## WORK TO BE COMPLETED
If a line below contains the string "corners", return that line.

Stored items:
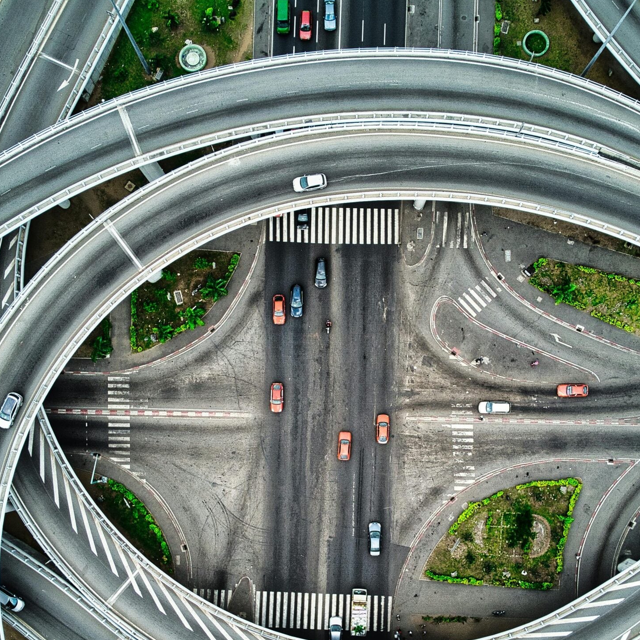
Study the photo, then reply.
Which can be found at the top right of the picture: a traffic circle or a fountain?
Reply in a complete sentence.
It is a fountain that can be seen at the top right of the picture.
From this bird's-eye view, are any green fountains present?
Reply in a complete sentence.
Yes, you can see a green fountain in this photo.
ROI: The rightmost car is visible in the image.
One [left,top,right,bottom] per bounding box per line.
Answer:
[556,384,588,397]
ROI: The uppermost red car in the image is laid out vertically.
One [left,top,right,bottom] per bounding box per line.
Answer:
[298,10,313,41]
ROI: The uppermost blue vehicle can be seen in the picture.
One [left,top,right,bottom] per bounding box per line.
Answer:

---

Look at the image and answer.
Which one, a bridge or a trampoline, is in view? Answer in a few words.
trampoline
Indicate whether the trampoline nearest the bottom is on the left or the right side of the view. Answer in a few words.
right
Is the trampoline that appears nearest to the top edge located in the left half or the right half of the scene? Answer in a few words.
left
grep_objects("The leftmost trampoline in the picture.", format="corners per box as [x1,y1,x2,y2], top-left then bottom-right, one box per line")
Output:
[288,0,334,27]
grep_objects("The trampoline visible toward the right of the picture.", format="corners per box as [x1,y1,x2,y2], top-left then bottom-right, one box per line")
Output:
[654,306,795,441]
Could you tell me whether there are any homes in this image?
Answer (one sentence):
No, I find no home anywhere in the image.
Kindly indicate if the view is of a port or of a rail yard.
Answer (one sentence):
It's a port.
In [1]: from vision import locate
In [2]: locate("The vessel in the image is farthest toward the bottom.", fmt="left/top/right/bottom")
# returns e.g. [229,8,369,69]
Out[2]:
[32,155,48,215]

...

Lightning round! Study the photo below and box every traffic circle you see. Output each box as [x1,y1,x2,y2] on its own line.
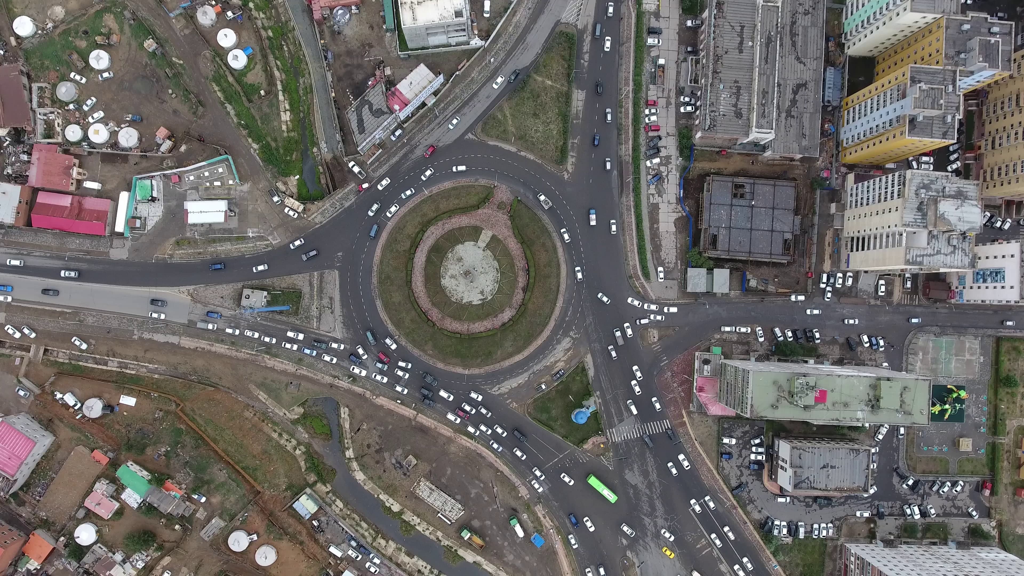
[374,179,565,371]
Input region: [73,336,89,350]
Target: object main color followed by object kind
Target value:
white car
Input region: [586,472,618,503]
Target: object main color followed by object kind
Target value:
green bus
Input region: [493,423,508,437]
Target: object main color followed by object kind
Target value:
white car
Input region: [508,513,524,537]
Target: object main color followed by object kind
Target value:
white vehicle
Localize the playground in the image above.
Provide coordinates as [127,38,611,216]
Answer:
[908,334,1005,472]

## YOUR SOLUTION
grep_objects("The leftmost trampoline in the picture.", format="corners per box as [x1,y1,x2,y2], top-left then bottom-right, one box per line")
grep_objects("The trampoline visible toward the right of the picture.", format="corners per box as [x1,y1,x2,y2], top-left then bottom-right, one box per line")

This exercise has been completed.